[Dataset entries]
'''

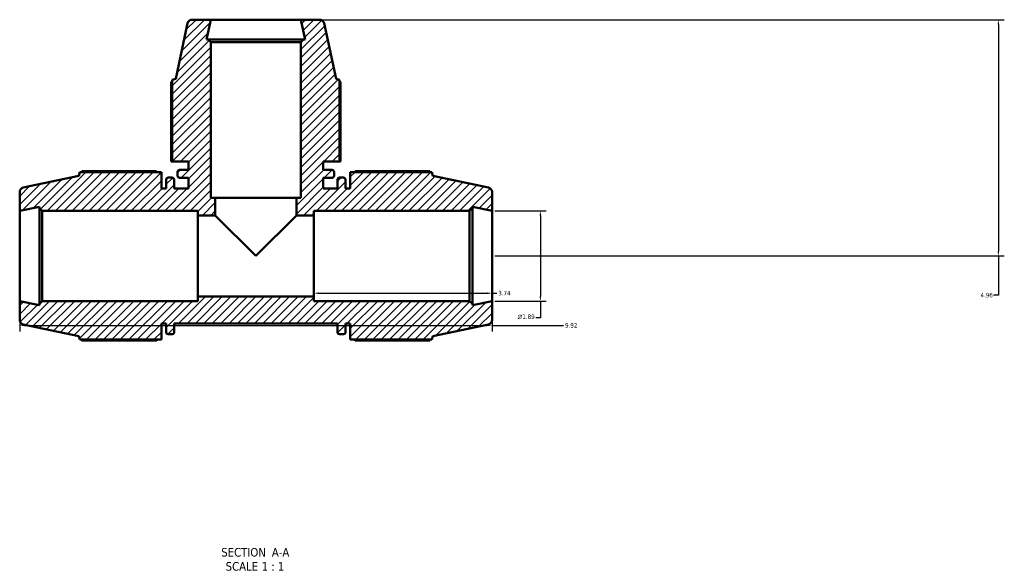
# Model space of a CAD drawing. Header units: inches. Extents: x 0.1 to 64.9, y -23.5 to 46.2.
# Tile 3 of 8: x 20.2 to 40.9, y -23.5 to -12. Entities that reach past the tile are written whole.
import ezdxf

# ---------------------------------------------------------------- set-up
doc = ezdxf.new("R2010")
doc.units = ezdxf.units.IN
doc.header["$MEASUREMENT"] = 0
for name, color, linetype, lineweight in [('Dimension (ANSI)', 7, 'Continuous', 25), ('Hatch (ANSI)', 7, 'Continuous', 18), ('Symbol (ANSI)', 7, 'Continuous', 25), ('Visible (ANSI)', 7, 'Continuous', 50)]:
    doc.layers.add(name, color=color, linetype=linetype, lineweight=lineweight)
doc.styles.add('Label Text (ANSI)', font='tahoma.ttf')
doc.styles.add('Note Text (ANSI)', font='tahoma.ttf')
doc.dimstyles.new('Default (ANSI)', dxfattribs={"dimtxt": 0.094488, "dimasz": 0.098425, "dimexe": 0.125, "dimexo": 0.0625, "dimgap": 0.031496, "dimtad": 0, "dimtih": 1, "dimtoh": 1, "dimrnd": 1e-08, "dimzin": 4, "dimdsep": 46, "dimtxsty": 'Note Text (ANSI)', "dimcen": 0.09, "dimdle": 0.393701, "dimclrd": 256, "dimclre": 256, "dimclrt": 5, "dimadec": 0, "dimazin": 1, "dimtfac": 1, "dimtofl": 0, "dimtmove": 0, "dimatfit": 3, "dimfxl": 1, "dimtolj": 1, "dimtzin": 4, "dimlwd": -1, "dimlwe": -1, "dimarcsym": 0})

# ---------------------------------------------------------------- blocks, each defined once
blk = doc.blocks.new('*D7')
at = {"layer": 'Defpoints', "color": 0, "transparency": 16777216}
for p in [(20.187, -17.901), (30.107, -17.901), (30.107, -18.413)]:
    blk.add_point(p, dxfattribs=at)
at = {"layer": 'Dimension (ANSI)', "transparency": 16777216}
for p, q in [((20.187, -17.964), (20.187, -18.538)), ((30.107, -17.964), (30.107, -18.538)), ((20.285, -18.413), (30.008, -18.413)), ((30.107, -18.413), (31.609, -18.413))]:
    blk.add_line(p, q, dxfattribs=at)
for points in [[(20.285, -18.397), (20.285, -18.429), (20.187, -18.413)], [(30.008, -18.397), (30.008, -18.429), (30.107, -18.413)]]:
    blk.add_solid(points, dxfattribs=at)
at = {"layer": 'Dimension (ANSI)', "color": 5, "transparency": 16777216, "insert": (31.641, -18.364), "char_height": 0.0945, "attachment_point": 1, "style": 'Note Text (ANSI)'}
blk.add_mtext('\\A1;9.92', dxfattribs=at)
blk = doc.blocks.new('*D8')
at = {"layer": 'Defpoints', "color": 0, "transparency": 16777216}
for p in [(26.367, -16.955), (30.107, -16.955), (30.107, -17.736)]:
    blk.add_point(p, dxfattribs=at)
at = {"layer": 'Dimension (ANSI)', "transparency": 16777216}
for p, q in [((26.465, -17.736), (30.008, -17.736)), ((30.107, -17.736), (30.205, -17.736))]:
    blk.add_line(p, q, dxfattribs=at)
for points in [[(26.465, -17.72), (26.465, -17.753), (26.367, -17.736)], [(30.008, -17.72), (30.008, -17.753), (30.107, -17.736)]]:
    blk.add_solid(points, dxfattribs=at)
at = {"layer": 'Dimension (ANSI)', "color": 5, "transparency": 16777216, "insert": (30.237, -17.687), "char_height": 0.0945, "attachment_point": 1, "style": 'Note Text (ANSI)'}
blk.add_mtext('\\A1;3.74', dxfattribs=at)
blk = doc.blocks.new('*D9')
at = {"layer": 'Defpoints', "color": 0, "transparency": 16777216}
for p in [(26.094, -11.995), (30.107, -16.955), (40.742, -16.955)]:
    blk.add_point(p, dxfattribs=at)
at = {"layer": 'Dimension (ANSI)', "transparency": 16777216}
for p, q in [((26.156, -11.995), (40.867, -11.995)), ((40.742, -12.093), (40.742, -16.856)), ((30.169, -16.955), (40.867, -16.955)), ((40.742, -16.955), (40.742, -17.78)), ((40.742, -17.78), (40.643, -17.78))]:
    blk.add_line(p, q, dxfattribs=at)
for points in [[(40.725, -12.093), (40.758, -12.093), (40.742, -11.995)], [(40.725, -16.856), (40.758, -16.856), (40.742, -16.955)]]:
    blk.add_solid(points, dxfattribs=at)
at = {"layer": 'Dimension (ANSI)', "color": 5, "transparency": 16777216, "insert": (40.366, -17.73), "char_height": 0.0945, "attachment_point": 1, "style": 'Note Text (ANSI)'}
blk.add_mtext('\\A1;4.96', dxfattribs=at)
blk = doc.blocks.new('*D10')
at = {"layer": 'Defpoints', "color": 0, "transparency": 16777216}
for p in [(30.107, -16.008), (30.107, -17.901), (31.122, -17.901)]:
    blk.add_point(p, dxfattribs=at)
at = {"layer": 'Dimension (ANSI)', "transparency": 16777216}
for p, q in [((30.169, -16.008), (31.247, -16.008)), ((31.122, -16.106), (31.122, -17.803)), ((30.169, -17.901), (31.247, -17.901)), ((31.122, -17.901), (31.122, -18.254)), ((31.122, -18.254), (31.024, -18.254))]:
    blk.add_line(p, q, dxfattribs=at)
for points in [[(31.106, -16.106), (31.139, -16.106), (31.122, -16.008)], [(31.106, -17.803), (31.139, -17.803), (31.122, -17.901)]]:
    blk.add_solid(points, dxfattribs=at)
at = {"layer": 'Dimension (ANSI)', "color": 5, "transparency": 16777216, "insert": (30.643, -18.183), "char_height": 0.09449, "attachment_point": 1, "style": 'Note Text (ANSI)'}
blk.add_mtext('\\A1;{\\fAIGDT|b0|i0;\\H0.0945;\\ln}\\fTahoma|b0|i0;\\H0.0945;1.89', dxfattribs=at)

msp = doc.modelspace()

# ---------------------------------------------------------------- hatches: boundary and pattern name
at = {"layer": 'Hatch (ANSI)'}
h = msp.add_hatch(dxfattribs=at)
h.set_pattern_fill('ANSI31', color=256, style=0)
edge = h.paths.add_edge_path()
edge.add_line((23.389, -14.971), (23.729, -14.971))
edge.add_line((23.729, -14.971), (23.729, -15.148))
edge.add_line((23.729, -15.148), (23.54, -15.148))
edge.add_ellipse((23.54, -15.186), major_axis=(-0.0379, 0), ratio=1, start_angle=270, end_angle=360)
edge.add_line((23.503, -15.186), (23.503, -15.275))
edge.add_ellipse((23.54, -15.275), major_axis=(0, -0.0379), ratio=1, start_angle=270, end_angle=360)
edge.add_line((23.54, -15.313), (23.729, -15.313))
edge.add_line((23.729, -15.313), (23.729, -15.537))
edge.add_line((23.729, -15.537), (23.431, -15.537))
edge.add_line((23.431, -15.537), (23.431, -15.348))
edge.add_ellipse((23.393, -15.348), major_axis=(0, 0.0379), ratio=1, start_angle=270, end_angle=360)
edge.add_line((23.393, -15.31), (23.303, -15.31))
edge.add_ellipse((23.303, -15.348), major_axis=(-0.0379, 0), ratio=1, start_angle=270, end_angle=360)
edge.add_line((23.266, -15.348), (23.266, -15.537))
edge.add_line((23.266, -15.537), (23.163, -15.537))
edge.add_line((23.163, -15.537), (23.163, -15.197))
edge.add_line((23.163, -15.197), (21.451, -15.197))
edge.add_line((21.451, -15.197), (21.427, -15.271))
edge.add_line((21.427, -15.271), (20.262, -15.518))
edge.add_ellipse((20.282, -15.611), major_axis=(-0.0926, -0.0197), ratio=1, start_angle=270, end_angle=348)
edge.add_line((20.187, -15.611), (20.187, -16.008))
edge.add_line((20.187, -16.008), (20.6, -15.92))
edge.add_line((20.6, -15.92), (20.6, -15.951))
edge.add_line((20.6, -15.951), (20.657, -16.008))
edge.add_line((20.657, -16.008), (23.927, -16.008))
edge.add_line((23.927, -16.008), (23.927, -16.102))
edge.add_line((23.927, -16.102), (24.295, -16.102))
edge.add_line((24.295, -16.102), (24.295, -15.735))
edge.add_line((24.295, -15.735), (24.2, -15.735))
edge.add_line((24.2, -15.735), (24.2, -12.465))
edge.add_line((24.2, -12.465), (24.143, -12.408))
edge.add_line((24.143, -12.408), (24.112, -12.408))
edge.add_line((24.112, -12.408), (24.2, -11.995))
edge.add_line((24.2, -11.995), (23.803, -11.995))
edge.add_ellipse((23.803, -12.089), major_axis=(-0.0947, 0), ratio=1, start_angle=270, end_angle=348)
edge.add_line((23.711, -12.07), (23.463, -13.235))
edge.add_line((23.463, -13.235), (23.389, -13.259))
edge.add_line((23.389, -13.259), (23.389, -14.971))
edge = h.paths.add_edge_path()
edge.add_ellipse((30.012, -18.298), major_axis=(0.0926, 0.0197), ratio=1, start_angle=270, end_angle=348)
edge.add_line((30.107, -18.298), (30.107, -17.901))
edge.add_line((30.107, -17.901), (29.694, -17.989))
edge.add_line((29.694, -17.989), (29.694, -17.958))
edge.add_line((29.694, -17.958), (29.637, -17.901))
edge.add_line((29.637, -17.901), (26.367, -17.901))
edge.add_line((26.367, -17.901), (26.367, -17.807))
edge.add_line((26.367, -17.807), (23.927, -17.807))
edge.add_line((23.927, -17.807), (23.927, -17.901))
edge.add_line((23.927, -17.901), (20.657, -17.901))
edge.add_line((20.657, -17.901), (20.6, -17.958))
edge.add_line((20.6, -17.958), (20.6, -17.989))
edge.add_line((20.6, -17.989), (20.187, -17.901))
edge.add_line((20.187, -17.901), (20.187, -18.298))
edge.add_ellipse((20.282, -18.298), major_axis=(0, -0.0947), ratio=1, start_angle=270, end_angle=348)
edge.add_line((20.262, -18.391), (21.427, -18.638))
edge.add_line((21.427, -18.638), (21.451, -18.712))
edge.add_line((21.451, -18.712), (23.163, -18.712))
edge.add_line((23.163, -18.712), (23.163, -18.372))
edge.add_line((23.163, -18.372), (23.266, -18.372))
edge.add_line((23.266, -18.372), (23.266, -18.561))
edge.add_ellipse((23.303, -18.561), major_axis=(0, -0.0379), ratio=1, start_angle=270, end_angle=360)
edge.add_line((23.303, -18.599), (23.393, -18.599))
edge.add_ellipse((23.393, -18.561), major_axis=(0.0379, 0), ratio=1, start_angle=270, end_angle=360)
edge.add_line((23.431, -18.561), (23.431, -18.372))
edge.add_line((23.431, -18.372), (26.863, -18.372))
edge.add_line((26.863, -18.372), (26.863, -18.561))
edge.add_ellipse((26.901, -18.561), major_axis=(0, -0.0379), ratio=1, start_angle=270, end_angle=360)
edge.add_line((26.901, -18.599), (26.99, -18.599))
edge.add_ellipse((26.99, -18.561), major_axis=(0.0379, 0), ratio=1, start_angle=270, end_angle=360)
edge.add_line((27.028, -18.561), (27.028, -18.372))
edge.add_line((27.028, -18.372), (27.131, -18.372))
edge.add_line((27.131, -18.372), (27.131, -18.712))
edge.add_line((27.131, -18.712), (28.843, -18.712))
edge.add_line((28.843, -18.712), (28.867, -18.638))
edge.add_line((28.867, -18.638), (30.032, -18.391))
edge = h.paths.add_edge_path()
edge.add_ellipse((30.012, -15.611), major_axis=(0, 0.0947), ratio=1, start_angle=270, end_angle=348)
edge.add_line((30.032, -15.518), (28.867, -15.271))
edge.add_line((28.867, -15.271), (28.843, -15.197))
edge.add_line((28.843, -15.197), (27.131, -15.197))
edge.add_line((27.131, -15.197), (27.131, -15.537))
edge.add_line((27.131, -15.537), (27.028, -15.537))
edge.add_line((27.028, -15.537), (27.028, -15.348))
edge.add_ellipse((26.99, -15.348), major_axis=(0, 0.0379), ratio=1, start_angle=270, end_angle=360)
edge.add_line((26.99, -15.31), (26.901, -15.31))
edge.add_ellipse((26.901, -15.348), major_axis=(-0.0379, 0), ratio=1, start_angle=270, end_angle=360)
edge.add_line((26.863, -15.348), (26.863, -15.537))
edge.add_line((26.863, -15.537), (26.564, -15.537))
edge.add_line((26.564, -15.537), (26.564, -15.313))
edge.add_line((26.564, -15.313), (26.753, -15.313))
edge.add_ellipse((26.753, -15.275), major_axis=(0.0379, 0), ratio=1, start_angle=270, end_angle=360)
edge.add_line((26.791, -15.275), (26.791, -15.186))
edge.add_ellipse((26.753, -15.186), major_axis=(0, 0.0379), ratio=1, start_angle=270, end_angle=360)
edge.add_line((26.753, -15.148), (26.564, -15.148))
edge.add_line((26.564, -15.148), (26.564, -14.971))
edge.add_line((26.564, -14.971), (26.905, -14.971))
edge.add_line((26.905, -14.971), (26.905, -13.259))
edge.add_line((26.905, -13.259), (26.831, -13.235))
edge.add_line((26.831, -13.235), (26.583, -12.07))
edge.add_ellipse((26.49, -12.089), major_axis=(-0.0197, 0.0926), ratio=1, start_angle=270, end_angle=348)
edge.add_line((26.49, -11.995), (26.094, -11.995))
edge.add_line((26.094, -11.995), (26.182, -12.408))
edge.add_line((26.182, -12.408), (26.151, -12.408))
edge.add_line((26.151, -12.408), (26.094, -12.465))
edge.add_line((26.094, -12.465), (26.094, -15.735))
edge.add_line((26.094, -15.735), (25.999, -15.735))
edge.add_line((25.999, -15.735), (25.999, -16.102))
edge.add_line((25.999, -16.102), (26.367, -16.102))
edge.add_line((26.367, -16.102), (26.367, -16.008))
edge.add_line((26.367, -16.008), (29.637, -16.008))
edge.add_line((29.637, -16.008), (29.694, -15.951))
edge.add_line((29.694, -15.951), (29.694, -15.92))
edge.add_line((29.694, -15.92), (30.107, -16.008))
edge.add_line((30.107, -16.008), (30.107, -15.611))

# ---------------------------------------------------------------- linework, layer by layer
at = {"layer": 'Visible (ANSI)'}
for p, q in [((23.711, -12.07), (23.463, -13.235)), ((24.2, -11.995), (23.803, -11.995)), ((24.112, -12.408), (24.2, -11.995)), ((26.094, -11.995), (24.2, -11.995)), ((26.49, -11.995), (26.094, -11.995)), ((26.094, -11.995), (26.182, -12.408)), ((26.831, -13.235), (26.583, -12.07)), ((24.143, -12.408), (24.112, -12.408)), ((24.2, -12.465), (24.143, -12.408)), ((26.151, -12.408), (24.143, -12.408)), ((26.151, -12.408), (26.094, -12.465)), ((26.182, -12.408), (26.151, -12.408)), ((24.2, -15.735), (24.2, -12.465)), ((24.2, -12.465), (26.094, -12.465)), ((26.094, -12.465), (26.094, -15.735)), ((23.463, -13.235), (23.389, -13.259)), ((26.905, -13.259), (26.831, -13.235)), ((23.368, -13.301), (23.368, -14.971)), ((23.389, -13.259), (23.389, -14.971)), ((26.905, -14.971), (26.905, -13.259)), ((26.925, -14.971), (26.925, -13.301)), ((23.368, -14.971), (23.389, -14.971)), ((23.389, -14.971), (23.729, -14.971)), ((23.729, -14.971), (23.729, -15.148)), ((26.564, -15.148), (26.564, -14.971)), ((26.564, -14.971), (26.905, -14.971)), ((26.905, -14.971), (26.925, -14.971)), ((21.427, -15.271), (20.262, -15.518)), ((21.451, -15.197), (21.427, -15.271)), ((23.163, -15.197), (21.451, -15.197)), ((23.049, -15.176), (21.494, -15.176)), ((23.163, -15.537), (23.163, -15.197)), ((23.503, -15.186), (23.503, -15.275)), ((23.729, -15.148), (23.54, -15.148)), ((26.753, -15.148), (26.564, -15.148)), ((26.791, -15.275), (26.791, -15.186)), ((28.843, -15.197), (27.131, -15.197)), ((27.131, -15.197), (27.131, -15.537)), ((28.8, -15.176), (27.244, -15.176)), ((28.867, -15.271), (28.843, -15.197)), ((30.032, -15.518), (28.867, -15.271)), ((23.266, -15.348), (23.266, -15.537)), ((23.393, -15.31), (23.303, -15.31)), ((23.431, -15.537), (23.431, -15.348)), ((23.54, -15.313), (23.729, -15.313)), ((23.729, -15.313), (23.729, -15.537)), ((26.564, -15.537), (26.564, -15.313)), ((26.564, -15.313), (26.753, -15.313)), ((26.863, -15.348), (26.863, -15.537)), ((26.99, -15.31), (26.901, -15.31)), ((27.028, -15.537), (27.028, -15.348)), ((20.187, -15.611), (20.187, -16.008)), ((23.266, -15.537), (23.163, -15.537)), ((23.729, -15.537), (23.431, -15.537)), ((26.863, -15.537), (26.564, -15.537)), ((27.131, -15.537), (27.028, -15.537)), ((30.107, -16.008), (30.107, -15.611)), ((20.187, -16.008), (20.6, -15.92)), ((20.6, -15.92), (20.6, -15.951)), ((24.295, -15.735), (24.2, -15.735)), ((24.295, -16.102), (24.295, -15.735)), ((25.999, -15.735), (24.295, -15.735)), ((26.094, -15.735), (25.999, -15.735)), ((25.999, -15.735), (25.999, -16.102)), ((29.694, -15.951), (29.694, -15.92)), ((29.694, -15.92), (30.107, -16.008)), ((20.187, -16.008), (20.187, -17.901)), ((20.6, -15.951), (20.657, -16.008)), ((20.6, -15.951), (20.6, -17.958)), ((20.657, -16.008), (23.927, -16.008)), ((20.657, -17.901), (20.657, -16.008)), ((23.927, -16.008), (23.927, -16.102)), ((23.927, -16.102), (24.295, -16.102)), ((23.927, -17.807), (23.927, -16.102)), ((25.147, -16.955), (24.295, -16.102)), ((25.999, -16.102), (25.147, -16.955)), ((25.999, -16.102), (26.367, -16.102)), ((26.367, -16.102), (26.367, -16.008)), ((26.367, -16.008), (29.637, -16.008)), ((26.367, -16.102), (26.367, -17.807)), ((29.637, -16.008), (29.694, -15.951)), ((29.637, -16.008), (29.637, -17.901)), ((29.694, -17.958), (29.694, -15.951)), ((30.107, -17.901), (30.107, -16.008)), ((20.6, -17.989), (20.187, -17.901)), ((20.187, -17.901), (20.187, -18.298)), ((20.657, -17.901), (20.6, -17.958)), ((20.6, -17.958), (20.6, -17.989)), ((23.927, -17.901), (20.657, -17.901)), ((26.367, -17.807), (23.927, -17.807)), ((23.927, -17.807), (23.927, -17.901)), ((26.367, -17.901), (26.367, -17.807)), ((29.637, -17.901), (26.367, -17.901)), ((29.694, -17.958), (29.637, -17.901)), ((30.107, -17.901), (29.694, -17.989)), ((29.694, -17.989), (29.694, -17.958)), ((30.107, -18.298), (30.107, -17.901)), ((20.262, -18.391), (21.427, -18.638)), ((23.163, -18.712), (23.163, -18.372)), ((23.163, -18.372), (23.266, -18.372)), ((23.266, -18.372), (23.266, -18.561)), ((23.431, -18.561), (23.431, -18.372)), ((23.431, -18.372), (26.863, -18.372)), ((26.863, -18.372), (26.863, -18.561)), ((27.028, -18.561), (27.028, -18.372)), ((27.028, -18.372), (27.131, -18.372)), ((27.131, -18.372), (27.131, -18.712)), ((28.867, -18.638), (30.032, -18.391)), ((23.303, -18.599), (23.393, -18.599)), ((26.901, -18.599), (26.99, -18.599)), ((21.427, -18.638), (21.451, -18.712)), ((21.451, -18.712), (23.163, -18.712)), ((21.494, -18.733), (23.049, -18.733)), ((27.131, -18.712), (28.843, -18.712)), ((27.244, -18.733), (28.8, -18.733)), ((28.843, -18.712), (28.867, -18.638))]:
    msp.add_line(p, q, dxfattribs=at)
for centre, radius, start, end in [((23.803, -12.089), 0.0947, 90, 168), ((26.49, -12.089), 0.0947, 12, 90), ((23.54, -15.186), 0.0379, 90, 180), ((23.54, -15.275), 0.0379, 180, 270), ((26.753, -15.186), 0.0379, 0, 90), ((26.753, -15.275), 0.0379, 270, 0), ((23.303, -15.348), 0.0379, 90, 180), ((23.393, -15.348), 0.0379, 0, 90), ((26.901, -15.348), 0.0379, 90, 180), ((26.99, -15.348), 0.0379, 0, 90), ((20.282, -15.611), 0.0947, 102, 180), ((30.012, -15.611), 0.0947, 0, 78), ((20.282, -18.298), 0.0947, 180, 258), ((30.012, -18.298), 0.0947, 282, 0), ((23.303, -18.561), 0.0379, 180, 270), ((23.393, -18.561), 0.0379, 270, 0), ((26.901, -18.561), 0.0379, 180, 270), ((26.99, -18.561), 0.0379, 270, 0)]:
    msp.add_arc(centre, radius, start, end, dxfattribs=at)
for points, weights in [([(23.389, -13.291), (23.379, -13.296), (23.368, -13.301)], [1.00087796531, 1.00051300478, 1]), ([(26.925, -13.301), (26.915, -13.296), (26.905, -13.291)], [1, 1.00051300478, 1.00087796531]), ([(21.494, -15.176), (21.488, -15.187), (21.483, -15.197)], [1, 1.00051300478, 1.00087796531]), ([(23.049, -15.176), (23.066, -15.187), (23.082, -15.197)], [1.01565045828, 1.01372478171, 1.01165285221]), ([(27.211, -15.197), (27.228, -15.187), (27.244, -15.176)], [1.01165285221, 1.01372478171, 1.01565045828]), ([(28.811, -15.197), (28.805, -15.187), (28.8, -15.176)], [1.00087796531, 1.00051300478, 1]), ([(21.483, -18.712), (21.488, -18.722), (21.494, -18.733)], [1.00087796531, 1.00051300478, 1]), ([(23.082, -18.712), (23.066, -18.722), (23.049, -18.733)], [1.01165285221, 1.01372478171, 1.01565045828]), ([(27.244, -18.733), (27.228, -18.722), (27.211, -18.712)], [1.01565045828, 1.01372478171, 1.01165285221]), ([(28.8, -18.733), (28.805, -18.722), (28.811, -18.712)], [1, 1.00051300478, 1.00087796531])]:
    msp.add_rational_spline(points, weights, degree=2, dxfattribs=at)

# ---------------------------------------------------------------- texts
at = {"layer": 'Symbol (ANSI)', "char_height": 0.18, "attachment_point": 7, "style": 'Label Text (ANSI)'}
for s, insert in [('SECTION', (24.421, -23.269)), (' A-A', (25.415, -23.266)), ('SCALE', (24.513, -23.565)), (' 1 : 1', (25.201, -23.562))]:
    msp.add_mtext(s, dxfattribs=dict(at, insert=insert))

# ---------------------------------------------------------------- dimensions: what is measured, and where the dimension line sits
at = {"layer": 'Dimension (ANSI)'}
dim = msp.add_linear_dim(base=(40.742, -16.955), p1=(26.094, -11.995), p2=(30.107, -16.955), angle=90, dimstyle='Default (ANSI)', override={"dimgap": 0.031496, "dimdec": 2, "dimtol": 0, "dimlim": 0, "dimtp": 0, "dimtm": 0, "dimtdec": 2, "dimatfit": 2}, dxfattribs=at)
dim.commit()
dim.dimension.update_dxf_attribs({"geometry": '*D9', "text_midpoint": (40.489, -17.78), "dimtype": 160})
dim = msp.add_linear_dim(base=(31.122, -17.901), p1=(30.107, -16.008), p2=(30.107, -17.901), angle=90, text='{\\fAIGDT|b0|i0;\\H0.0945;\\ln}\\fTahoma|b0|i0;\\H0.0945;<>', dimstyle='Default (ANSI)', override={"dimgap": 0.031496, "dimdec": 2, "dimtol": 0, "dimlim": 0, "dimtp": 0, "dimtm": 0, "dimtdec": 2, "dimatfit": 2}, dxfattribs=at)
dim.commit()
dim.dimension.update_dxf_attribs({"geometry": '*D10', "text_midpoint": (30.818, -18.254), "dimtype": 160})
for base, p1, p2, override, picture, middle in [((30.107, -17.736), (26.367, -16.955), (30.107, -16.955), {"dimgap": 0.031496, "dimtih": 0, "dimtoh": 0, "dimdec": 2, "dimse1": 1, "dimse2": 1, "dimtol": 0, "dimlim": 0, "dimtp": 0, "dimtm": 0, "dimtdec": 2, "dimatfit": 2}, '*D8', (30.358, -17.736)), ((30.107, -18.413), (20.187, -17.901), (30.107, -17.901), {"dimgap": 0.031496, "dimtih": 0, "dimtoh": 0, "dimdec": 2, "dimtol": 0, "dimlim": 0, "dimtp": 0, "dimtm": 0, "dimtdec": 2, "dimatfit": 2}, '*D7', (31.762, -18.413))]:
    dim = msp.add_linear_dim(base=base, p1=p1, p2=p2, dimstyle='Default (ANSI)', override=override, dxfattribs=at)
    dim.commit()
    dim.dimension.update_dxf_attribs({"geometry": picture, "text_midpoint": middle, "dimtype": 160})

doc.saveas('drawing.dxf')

'''

__What is being asked__.
From the entries above, return exactly the line containing "edge.add_line((23.389, -14.971), (23.729, -14.971))", the line containing "edge.add_line((23.729, -15.537), (23.431, -15.537))", and all lines between, and nothing else.

__Result of the task__.
edge.add_line((23.389, -14.971), (23.729, -14.971))
edge.add_line((23.729, -14.971), (23.729, -15.148))
edge.add_line((23.729, -15.148), (23.54, -15.148))
edge.add_ellipse((23.54, -15.186), major_axis=(-0.0379, 0), ratio=1, start_angle=270, end_angle=360)
edge.add_line((23.503, -15.186), (23.503, -15.275))
edge.add_ellipse((23.54, -15.275), major_axis=(0, -0.0379), ratio=1, start_angle=270, end_angle=360)
edge.add_line((23.54, -15.313), (23.729, -15.313))
edge.add_line((23.729, -15.313), (23.729, -15.537))
edge.add_line((23.729, -15.537), (23.431, -15.537))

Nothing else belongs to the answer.